◆ **TASK REQUIREMENTS**
Once the pictures are set aside, copy the data below exactly as it stands.

[Data entries]
======
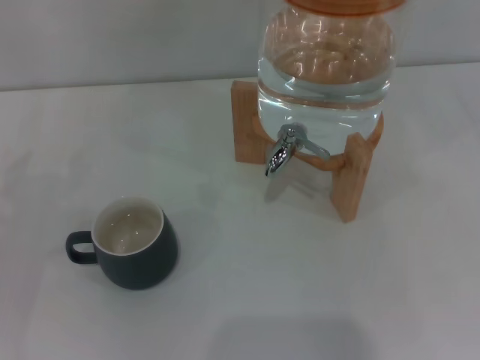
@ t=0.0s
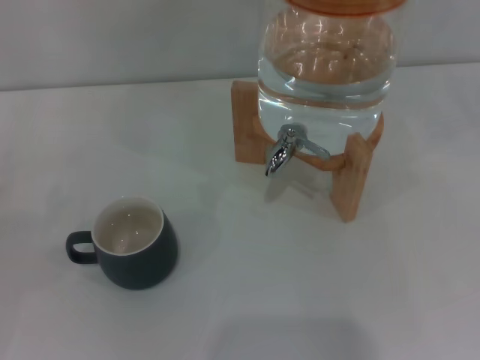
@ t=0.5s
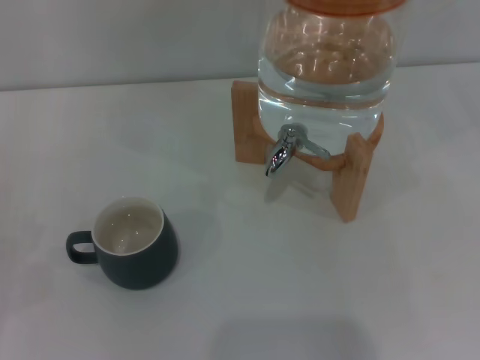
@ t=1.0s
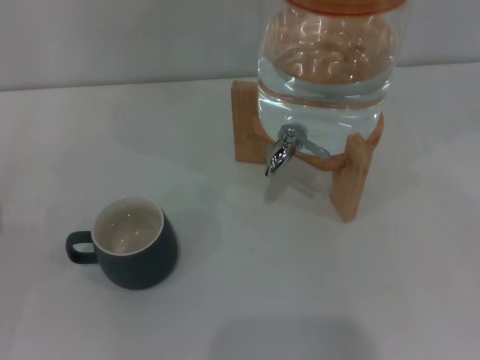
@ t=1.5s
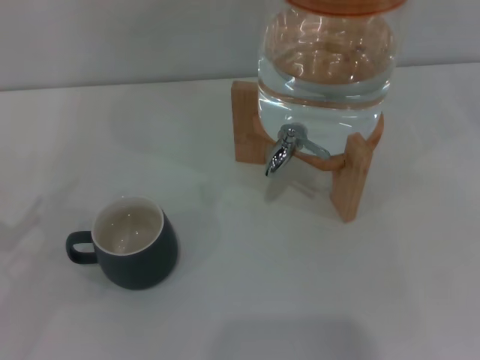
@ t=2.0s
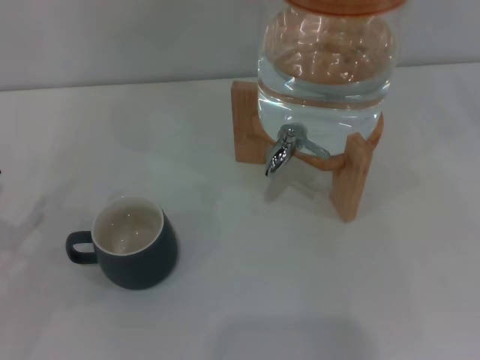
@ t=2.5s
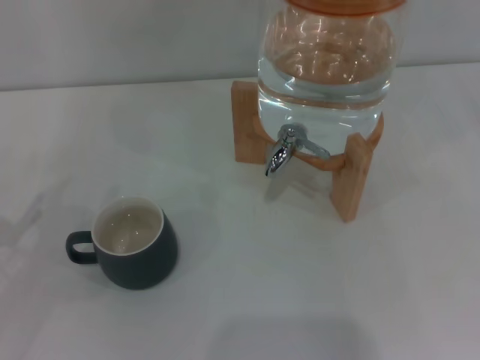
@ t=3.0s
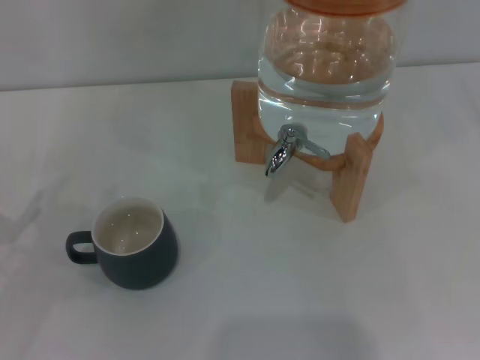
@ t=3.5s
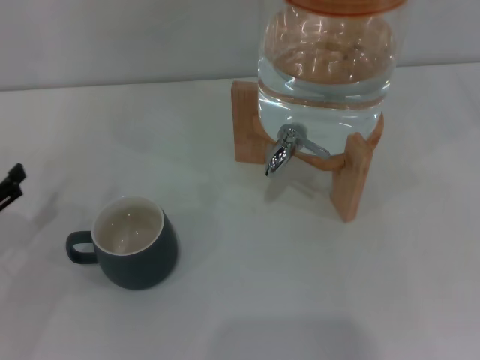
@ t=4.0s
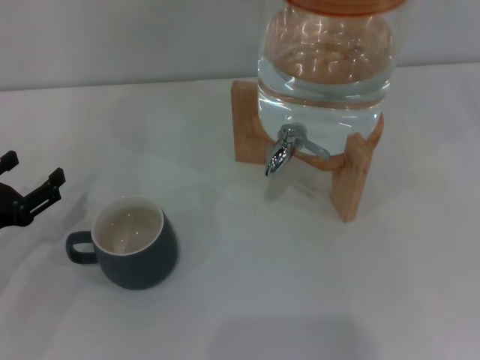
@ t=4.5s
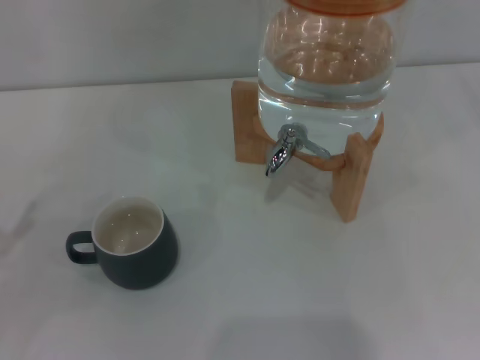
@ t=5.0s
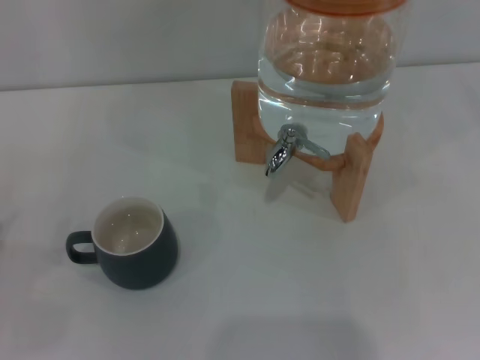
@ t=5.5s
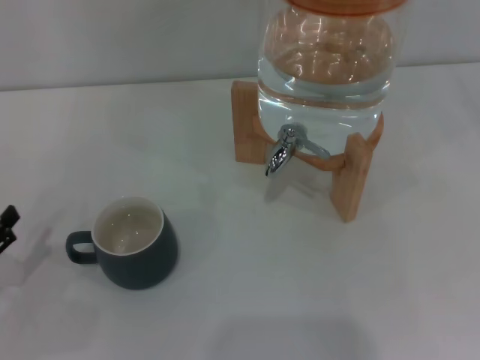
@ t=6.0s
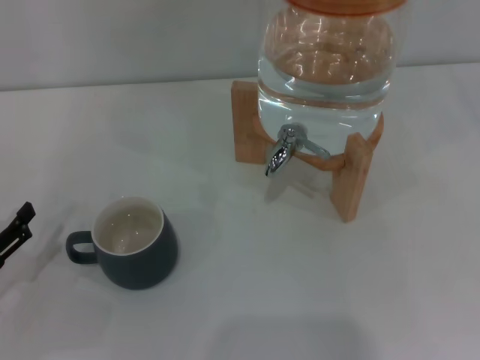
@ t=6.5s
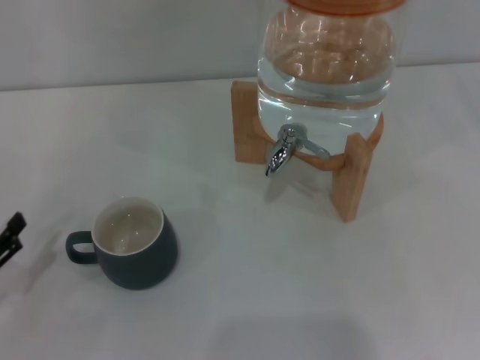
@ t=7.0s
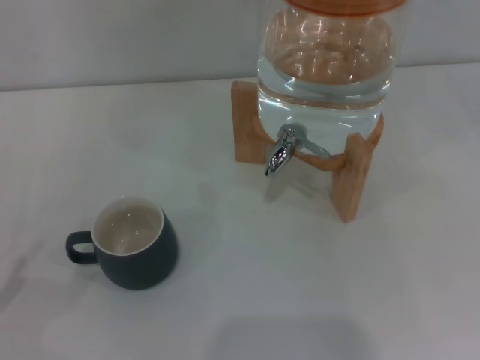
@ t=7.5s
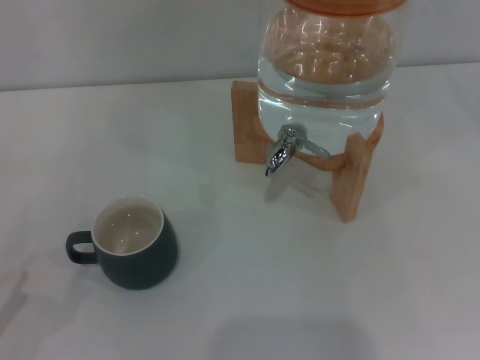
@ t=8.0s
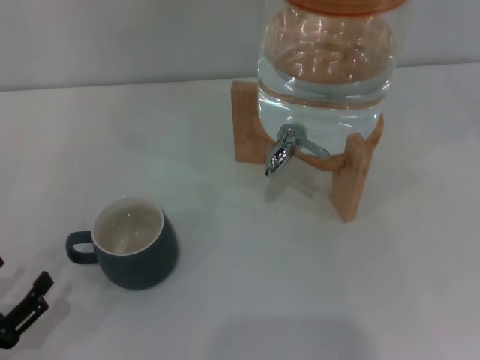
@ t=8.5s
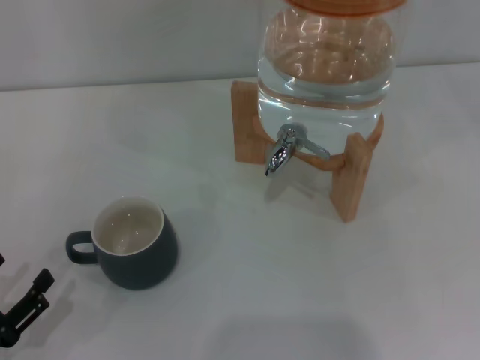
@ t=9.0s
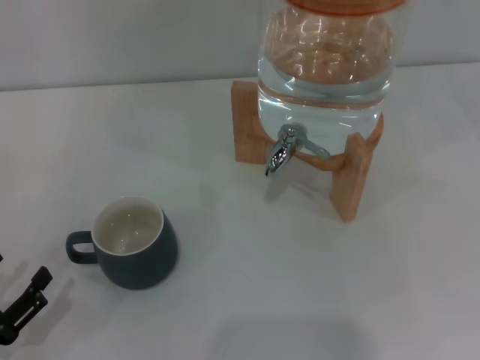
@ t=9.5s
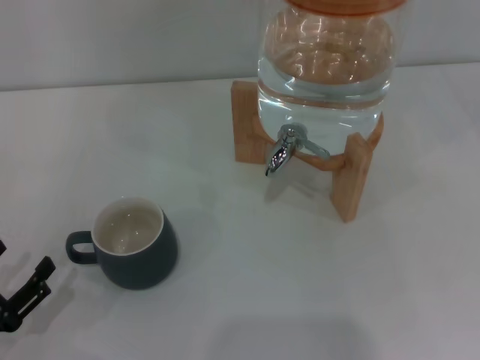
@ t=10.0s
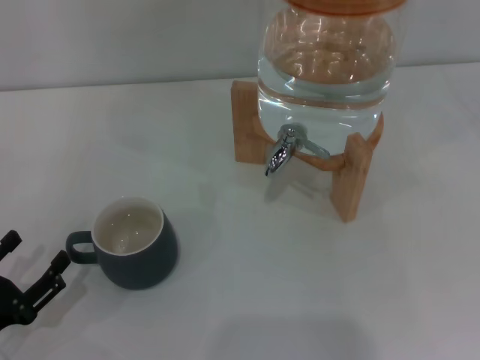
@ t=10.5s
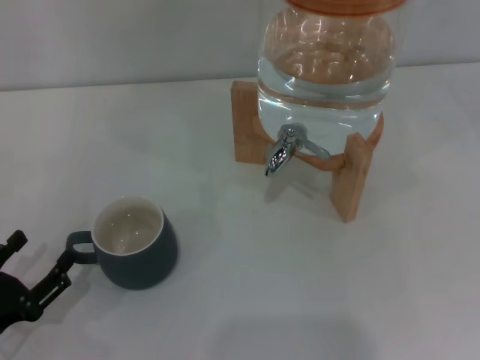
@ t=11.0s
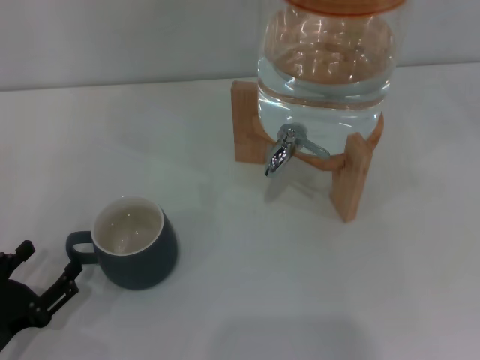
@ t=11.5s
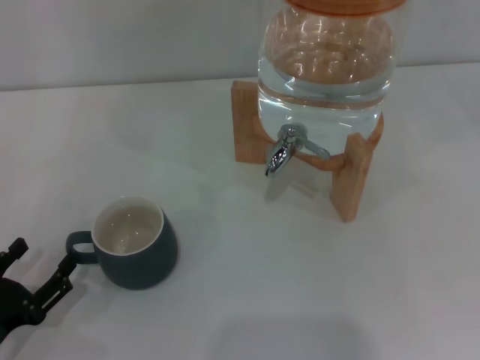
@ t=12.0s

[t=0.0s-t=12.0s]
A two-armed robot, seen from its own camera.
Task of the whole recording: the left gripper pick up the black cup and place it horizontally under the faucet, the right gripper turn on the faucet to fill the cup, and then turn off the faucet.
t=4.0s to t=6.0s: The left gripper goes roughly 5 cm backward.
t=8.0s to t=10.0s: The grippers make only small movements.
t=10.0s to t=12.0s: The grippers move only a little.
======
◆ **ANSWER TO THE PROBLEM**
@ t=0.0s
@ t=0.5s
@ t=1.0s
@ t=1.5s
@ t=2.0s
@ t=2.5s
@ t=3.0s
@ t=3.5s
@ t=4.0s
@ t=4.5s
@ t=5.0s
@ t=5.5s
@ t=6.0s
@ t=6.5s
@ t=7.0s
@ t=7.5s
@ t=8.0s
@ t=8.5s
@ t=9.0s
@ t=9.5s
@ t=10.0s
@ t=10.5s
@ t=11.0s
@ t=11.5s
@ t=12.0s

[t=0.0s-t=12.0s]
A two-armed robot, seen from its own camera.
Task of the whole recording: the left gripper pick up the black cup and place it horizontally under the faucet, the right gripper turn on the faucet to fill the cup, and then turn off the faucet.
t=4.0s to t=6.0s: The left gripper goes roughly 5 cm backward.
t=8.0s to t=10.0s: The grippers make only small movements.
t=10.0s to t=12.0s: The grippers move only a little.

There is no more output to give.